Thursday, June 16, 2011

The First of Many Lasts

I am not sure when my Mom and I started sharing our "lasts" together.  I have tried to think back to all of the many things that we did together, and capture some of those times that we will not share any more, but I am struggling with that today.

On April 15, 2011, our lives were changed...forever.  That was the day that the doctor told my Mom that she had Stage IV Adenocarcinoma.  Inoperable cancer. She was given 6-8 months to live.  We had no tell tale signs, no forewarning that something of this magnitude was wrong.  Mom had simply found a small knot on her side, by her waist.  It looked like a bump that is left behind when you pull a tick off.  However, this "bump" grew to the size of a walnut in just a couple of weeks.

Her doctor sent her to a surgeon who removed the mass in her office and then called Mom a week later to say that it was malignant.  We still did not think that it was that bad.  After all, Mom felt good, she was still really active and had no complaints other than her back hurting.  But she has metal rods in her back from where it was broken over 20 years ago, so we just attributed the pain to that.

After a CAT scan, PET scan, Mammogram and MRI, we were told the terrible news.  A numbness over took me.

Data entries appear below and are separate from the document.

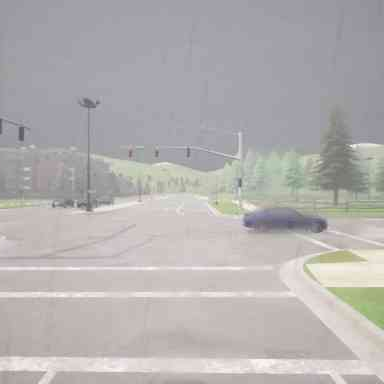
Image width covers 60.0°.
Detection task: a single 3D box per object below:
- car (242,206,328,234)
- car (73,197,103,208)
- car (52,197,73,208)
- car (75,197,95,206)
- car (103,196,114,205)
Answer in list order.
[{"bbox_3d":[5.138,1.525,18.638,4.674,1.442,1.812,0,0,-1],"label":"car"},{"bbox_3d":[-14.934,1.547,48.121,2.033,1.411,5.357,0,0,0],"label":"car"},{"bbox_3d":[-18.438,1.491,47.741,2.128,1.511,4.902,0,0,0],"label":"car"},{"bbox_3d":[-18.421,1.564,57.494,1.994,1.385,4.181,0,0,0],"label":"car"},{"bbox_3d":[-14.920,1.505,58.203,1.837,1.490,4.892,0,0,0],"label":"car"}]
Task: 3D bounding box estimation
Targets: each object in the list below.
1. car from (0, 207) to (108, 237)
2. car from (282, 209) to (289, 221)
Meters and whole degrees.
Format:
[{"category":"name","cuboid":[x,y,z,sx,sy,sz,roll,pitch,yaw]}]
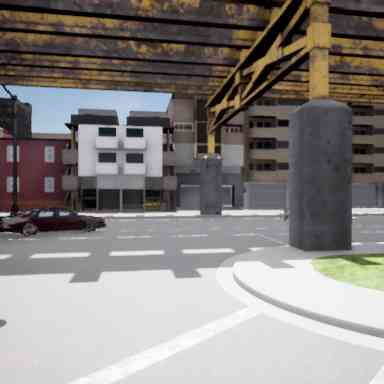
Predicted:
[{"category":"car","cuboid":[-7.388,1.532,17.898,5.357,1.411,2.033,0,0,-33]},{"category":"car","cuboid":[8.949,1.485,23.931,4.902,1.511,2.128,0,0,-9]}]
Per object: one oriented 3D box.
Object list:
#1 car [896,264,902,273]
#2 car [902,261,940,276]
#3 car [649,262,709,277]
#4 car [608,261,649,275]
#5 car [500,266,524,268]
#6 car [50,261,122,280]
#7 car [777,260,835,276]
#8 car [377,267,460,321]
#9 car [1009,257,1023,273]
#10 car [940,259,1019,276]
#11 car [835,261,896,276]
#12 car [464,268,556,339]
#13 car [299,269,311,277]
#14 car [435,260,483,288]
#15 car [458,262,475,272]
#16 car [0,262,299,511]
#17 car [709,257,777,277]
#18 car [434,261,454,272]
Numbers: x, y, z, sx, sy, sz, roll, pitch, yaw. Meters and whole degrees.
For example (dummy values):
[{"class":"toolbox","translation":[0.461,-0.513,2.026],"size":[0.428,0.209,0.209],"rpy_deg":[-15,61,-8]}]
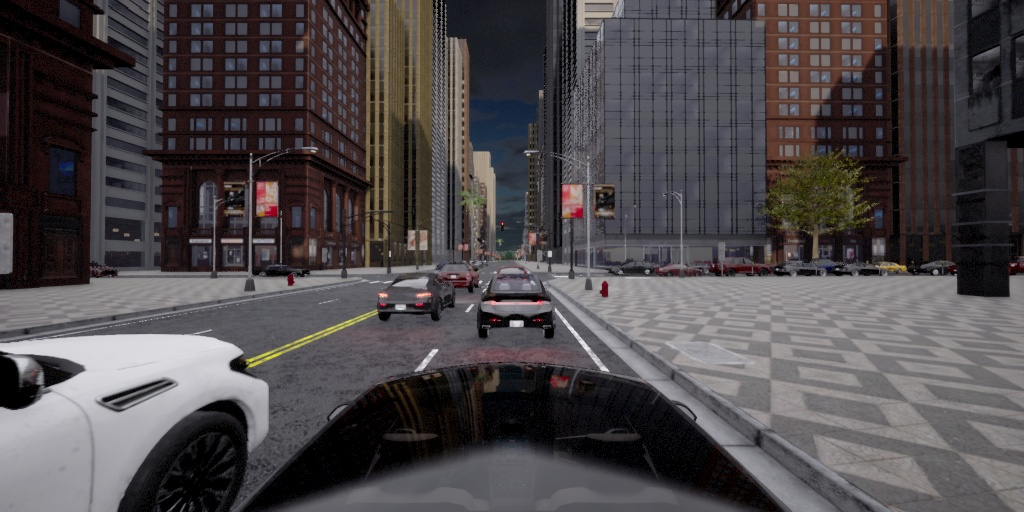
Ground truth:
[{"class":"car","translation":[43.211,1.294,41.936],"size":[4.829,1.417,1.751],"rpy_deg":[0,0,-1]},{"class":"car","translation":[42.856,1.204,36.031],"size":[4.892,1.490,1.837],"rpy_deg":[0,-1,-1]},{"class":"car","translation":[15.318,1.326,32.980],"size":[4.207,1.307,1.802],"rpy_deg":[0,0,-1]},{"class":"car","translation":[12.844,1.322,38.718],"size":[4.892,1.490,1.837],"rpy_deg":[-1,-1,-1]},{"class":"car","translation":[0.001,1.259,19.625],"size":[1.882,1.535,5.008],"rpy_deg":[0,0,0]},{"class":"car","translation":[-41.537,1.365,35.035],"size":[4.553,1.767,2.097],"rpy_deg":[0,-1,0]},{"class":"car","translation":[26.594,1.274,33.154],"size":[4.313,1.339,1.948],"rpy_deg":[0,0,-1]},{"class":"car","translation":[-3.149,1.287,12.437],"size":[1.812,1.442,4.674],"rpy_deg":[0,0,0]},{"class":"car","translation":[49.145,0.971,33.502],"size":[5.009,1.841,2.192],"rpy_deg":[0,0,-1]},{"class":"car","translation":[43.507,1.212,33.416],"size":[4.507,1.381,1.888],"rpy_deg":[0,0,-1]},{"class":"car","translation":[32.231,1.258,33.241],"size":[4.313,1.339,1.948],"rpy_deg":[0,0,-1]},{"class":"car","translation":[0.099,1.248,10.124],"size":[2.128,1.511,4.902],"rpy_deg":[0,0,0]},{"class":"car","translation":[-22.397,1.526,35.011],"size":[4.718,1.301,1.895],"rpy_deg":[0,-1,-3]},{"class":"car","translation":[-3.148,1.141,21.417],"size":[2.097,1.767,4.553],"rpy_deg":[0,0,0]},{"class":"car","translation":[-6.594,1.570,52.058],"size":[1.895,1.301,4.718],"rpy_deg":[0,0,0]},{"class":"car","translation":[-3.151,0.973,0.663],"size":[2.150,2.045,5.566],"rpy_deg":[0,0,0]},{"class":"car","translation":[20.957,1.040,33.067],"size":[5.009,1.841,2.192],"rpy_deg":[0,0,-1]},{"class":"car","translation":[-9.844,1.518,52.317],"size":[2.033,1.411,5.357],"rpy_deg":[0,0,0]}]
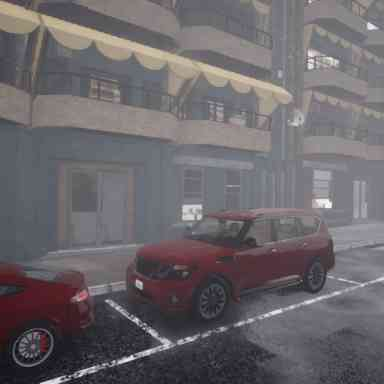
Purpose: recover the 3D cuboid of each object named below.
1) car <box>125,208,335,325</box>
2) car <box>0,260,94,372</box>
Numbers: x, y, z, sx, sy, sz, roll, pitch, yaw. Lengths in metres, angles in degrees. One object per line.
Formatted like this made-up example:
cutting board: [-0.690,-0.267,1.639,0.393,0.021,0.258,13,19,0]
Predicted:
car: [1.114,1.318,7.335,5.009,1.841,2.192,0,1,-35]
car: [-3.384,1.582,4.131,4.206,1.307,1.802,0,1,-35]
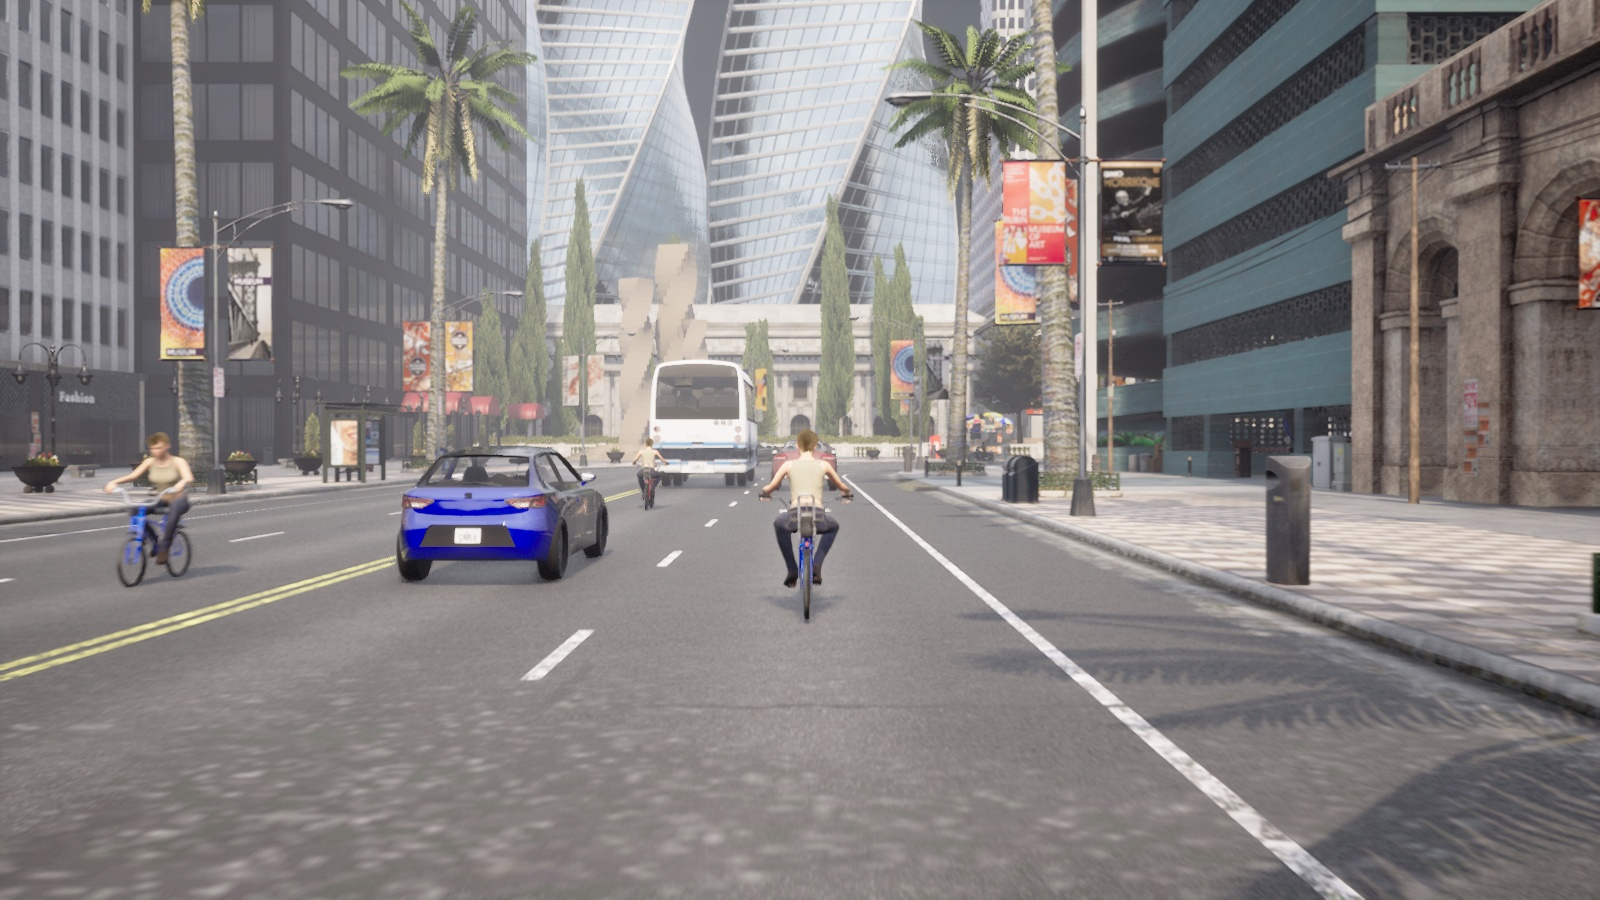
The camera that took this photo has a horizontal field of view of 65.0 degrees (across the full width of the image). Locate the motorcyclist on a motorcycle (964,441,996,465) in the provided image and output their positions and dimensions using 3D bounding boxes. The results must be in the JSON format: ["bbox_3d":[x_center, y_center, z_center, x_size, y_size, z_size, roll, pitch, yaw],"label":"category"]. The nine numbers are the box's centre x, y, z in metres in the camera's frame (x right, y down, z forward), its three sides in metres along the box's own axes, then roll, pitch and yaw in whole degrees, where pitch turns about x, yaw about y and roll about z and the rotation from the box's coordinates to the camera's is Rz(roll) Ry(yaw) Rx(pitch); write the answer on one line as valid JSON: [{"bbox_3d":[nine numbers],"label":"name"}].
[{"bbox_3d":[12.927,0.199,90.160,2.350,1.649,0.766,0,1,-30],"label":"motorcyclist on a motorcycle"}]

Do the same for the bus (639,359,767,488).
[{"bbox_3d":[-3.337,-0.895,46.621,3.944,4.253,10.273,0,0,0],"label":"bus"}]

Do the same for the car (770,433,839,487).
[{"bbox_3d":[0.146,0.292,41.378,2.152,1.651,5.027,0,0,0],"label":"car"}]

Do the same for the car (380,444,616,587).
[{"bbox_3d":[-3.436,0.672,15.090,1.816,1.474,4.193,0,0,0],"label":"car"}]

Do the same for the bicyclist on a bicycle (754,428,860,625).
[{"bbox_3d":[0.057,0.621,11.015,0.866,1.612,1.509,0,0,0],"label":"bicyclist on a bicycle"}]

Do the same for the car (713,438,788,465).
[{"bbox_3d":[-3.109,0.076,79.308,2.152,1.651,5.027,0,0,35],"label":"car"}]

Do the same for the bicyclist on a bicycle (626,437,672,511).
[{"bbox_3d":[-3.390,0.521,28.344,0.866,1.612,1.509,0,0,0],"label":"bicyclist on a bicycle"}]

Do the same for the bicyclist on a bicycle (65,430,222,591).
[{"bbox_3d":[-6.936,0.602,13.358,0.866,1.612,1.509,0,0,0],"label":"bicyclist on a bicycle"}]
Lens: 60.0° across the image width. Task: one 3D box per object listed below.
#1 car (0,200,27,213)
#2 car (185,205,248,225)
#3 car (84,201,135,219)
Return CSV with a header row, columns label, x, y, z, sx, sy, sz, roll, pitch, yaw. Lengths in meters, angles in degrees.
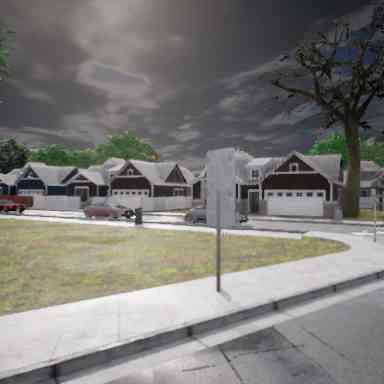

Less than a year to live. ( At least that's what the doctor said).  Mom and I cried together and held each other as we tried to wrap our minds around what we had just been told.  Surgery was not an option.  Radiation was.  Chemo was also.

That was 2 months ago, and while my Mom has gone through radiation, we don't know yet the success that she had with that treatment.  Mom has opted NOT to have chemotherapy..  The doctor said it would not make any difference in her life expectancy and the side effects would be very difficult on her.  So Mom decided to forego chemo, and just place her trust in the One True Healer.

There are so many things that I know we will never do again, together.  And that grieves me.  When did that "last" happen?  Why wasn't I aware that it was our "last?"  Karen Kingsbury captures the "LASTS" in a childs life so wonderfully in her book, "Let Me Hold You Longer."

I am trying to capture all the moments spent with my Mom and lock them in my memory...never knowing when it will be our last time to shop, or spend time together just talking about "stuff." 

There is one last that we will NEVER share, and that is the last time we see each other.  You  see, my Mom is going to live forever.  Me too.  Not here in this earthly vessel, but in a body that is just like my Saviors.
My Mom may leave me temporarily....just for a short while, but we will see each other again...and then...no more lasts!!!

1 comment:

  1. nicely put. Sorry your family is having to struggle though these last but I admire your courage and ability to journal about them so they will always be remembered and cherished!